In its consolidated audit trail proposal, the SEC is attempting to create a single master database of price, share and other details on orders and transactions in U.S. securities markets. In its action on 'naked access,' the SEC is expected to ban the practice of brokers supplying their market participant identifier codes to unregistered entities who in turn send orders directly onto markets electronically, without the orders going through risk controls in advance.
The SEC is set to take up the 'naked access' ban at an open meeting Wednesday.
Also Wednesday, FTEN is set to sponsor and its CEO, Ted Myerson, moderate a roundtable in NewYork City on the creation of a consolidated audit trail, at a meeting of the Capital Markets Consortium.

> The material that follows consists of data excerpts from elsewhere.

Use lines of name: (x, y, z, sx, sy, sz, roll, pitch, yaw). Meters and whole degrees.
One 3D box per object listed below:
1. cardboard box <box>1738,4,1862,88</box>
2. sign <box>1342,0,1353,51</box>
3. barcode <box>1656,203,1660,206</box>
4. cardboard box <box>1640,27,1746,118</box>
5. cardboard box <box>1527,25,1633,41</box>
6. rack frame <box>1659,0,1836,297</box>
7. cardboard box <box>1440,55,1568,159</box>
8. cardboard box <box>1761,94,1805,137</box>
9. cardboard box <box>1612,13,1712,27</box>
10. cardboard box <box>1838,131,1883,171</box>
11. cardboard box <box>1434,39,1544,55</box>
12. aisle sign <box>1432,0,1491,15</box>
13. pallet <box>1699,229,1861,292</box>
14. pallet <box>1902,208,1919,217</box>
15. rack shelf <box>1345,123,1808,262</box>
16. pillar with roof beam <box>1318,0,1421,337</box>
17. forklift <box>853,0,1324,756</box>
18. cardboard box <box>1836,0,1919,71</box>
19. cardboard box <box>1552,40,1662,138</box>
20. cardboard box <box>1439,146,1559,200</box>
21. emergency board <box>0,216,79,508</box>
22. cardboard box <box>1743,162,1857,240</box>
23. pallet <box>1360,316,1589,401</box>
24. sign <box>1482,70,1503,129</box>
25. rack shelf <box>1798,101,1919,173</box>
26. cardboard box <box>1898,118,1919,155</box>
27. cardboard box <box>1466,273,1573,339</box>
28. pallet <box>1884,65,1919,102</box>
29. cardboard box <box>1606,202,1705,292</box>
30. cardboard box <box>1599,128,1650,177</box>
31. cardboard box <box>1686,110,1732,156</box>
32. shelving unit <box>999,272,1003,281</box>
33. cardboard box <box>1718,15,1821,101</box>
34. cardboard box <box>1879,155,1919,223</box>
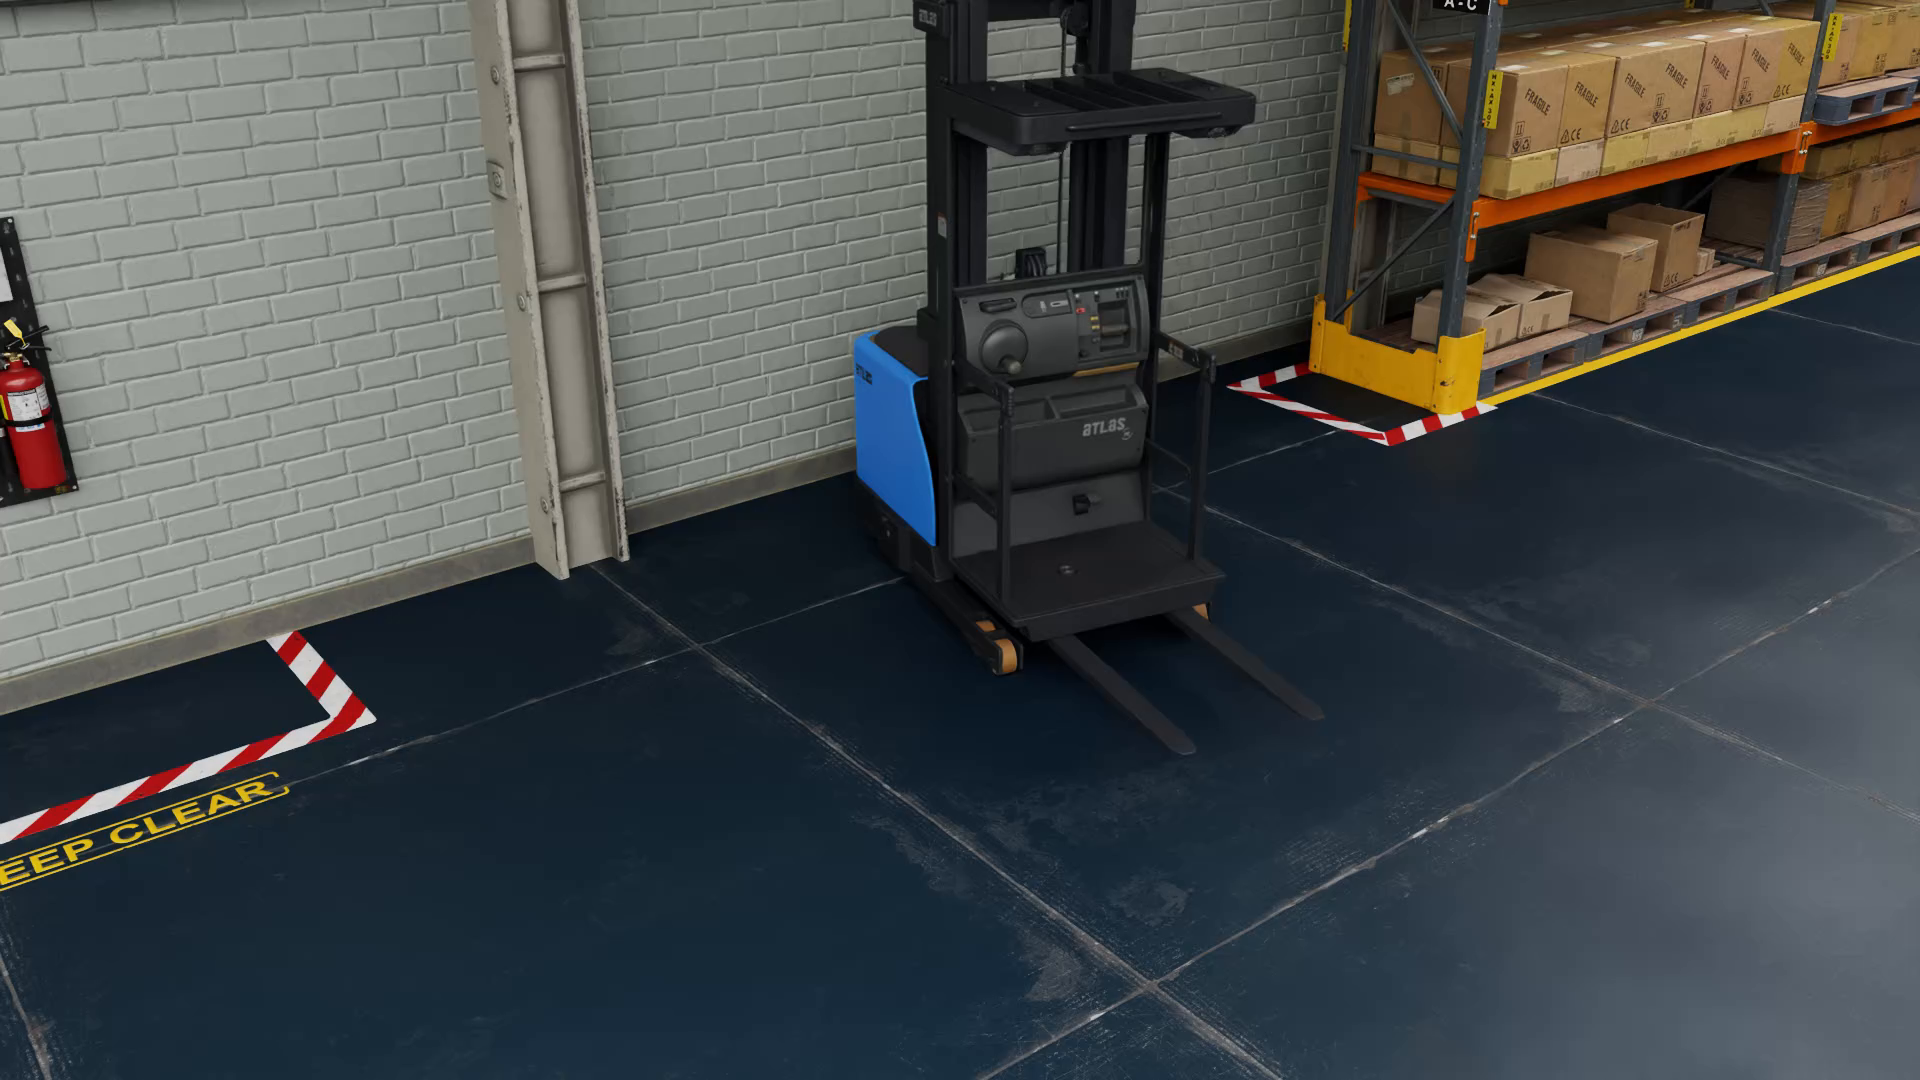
cardboard box: (6.333, -3.758, 12.642, 0.500, 0.500, 0.700, -18, 30, -34)
sign: (2.437, -3.210, 10.353, 0.005, 0.325, 0.100, -18, 31, -34)
barcode: (5.338, -2.542, 12.730, 0.075, 0.075, 0.001, -18, 31, -34)
cardboard box: (4.938, -3.189, 11.322, 0.500, 0.500, 0.500, -19, 31, -35)
cardboard box: (4.206, -3.221, 11.390, 0.500, 0.500, 0.500, -18, 30, -33)
rack frame: (5.911, -3.392, 12.495, 0.127, 3.000, 1.000, -18, 31, -34)
cardboard box: (3.325, -2.658, 10.178, 0.500, 0.500, 0.500, -18, 31, -34)
cardboard box: (5.725, -3.109, 12.041, 0.500, 0.250, 0.500, -18, 30, -34)
cardboard box: (5.003, -3.487, 11.964, 0.500, 0.500, 0.500, -18, 31, -34)
cardboard box: (7.232, -3.246, 13.738, 0.500, 0.250, 0.500, -19, 31, -35)
cardboard box: (3.405, -2.954, 10.816, 0.500, 0.500, 0.500, -18, 30, -33)
aisle sign: (2.892, -3.414, 9.455, 0.004, 0.787, 0.394, -18, 31, -34)
pallet: (6.523, -2.330, 13.519, 1.213, 0.211, 1.003, -18, 31, -34)
pallet: (8.443, -2.963, 14.885, 1.213, 0.211, 1.003, -18, 31, -34)
rack shelf: (4.337, -2.546, 11.527, 4.000, 0.370, 1.077, -18, 31, -34)
pillar with roof beam: (5.437, -4.116, 6.930, 0.400, 9.000, 9.100, -18, 31, -34)
forklift: (0.523, -0.933, 7.278, 1.130, 2.935, 3.031, -11, 27, -23)
cardboard box: (7.276, -4.082, 13.340, 0.500, 0.500, 0.700, -14, 28, -27)
cardboard box: (4.130, -2.916, 10.733, 0.500, 0.500, 0.500, -19, 31, -36)
cardboard box: (3.343, -2.315, 10.330, 0.500, 0.250, 0.500, -19, 31, -35)
emergency board: (-3.909, -0.633, 6.551, 0.643, 1.169, 0.194, -18, 31, -34)
cardboard box: (6.856, -2.805, 13.678, 0.500, 0.500, 0.700, -19, 31, -35)
pallet: (3.484, -1.307, 11.315, 1.213, 0.211, 1.003, -18, 31, -34)
sign: (3.098, -2.566, 9.687, 0.005, 0.325, 0.100, -18, 31, -34)
rack shelf: (7.485, -3.585, 13.766, 4.000, 0.370, 1.077, -18, 31, -34)
cardboard box: (8.037, -3.505, 14.295, 0.500, 0.250, 0.500, -18, 30, -33)
cardboard box: (3.812, -1.631, 11.372, 0.500, 0.311, 0.500, -15, 29, -30)
pallet: (7.526, -3.816, 13.637, 1.213, 0.211, 1.003, -18, 31, -34)
cardboard box: (5.119, -2.175, 12.319, 0.500, 0.500, 0.500, -21, 32, -38)
cardboard box: (4.148, -2.585, 10.912, 0.500, 0.250, 0.500, -19, 31, -35)
cardboard box: (4.942, -2.847, 11.475, 0.500, 0.250, 0.500, -18, 31, -34)
shelving unit: (0.481, -0.879, 9.219, 0.503, 1.200, 0.258, -4, 25, -8)
cardboard box: (5.730, -3.448, 11.879, 0.500, 0.500, 0.500, -18, 31, -34)
cardboard box: (7.674, -3.058, 14.224, 0.500, 0.500, 0.700, -18, 31, -34)

When it first made its audit trail proposal, the SEC said the initiative could cost $6 billion in the first year and $4.1 billion each year thereafter.
LaFever said Monday he believed FTEN's RiskXposure Secure Data Cloud technology could create a "golden copy" of all orders and transactions, naked or otherwise, and keep track of both details of the transactions and the risk controls applied.
In so doing, he saw "no reason" a single system applied to both SEC initiatives could not be created that, at the outside, would cost any more than $1 billion. And serve both purposes.
He said he was "not sure if (RiskExposure technology) is better" than other systems that could serve the dual purposes. "But no one else is doing it,'' he said.
The RiskXposure Secure Data Cloud technology "currently provides real-time risk management and surveillance for up to 17 billion executed shares of U.S. equities and $150 billion in risk calculations per day," FTEN said.